The entries below contain a line with "Answer as one" and a line with "HFOV 52.1°.". Retype exactly everything from the first down to the second, both included, and nothing else.

**** Records shown ****

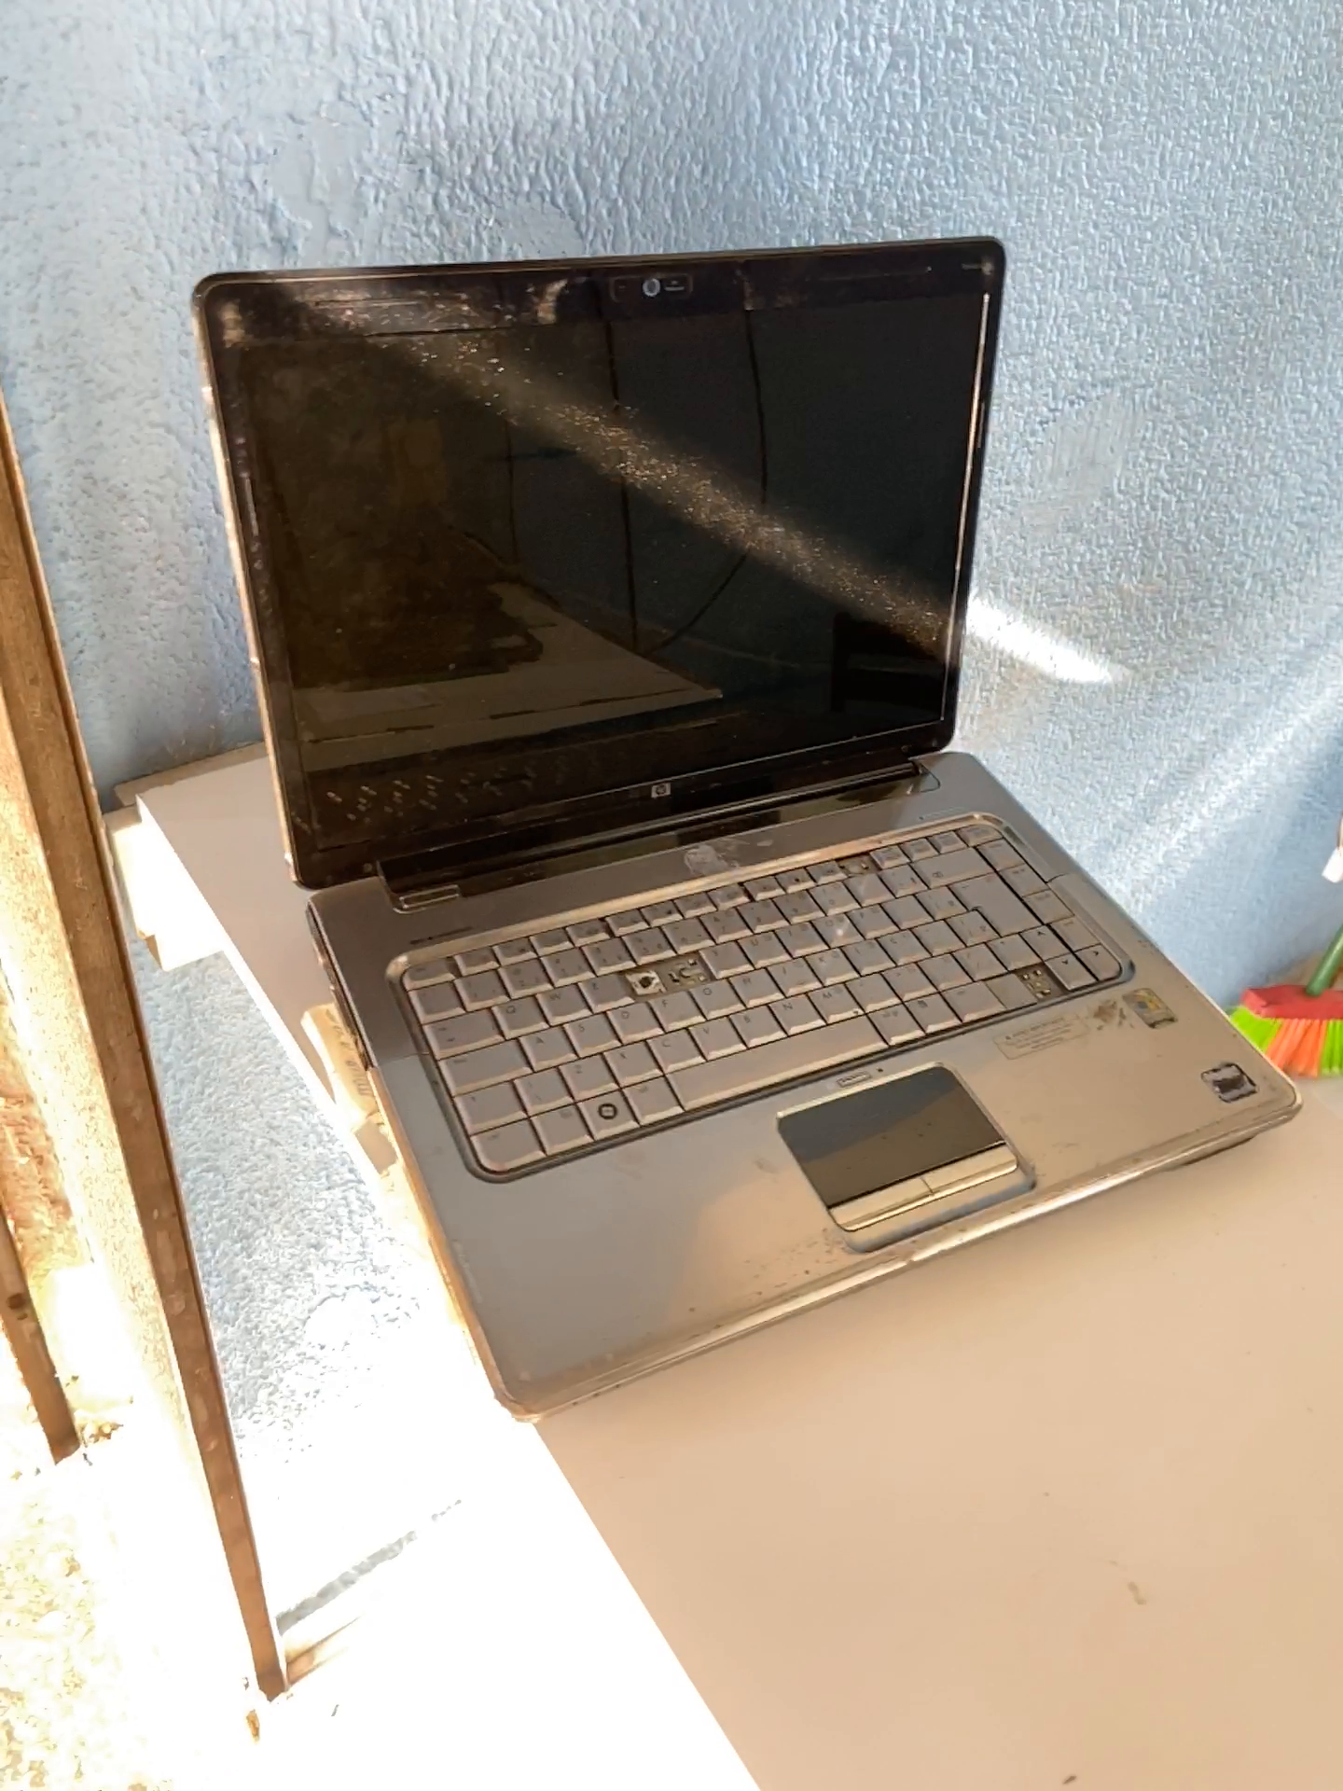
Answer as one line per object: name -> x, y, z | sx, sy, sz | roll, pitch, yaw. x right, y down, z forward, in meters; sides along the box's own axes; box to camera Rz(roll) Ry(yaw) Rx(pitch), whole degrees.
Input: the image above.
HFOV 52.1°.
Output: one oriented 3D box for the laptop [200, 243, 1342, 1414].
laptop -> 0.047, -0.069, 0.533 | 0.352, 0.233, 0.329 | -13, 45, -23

****
**** Records shown ****

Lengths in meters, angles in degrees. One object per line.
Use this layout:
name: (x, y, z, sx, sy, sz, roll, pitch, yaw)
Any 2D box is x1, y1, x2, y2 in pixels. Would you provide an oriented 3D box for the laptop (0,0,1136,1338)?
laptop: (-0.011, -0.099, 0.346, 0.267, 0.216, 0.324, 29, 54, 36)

****

Solution to this problem:
Answer as one line per object: name -> x, y, z | sx, sy, sz | roll, pitch, yaw. x right, y down, z forward, in meters; sides along the box's own axes; box to camera Rz(roll) Ry(yaw) Rx(pitch), whole degrees.
Input: the image above.
HFOV 52.1°.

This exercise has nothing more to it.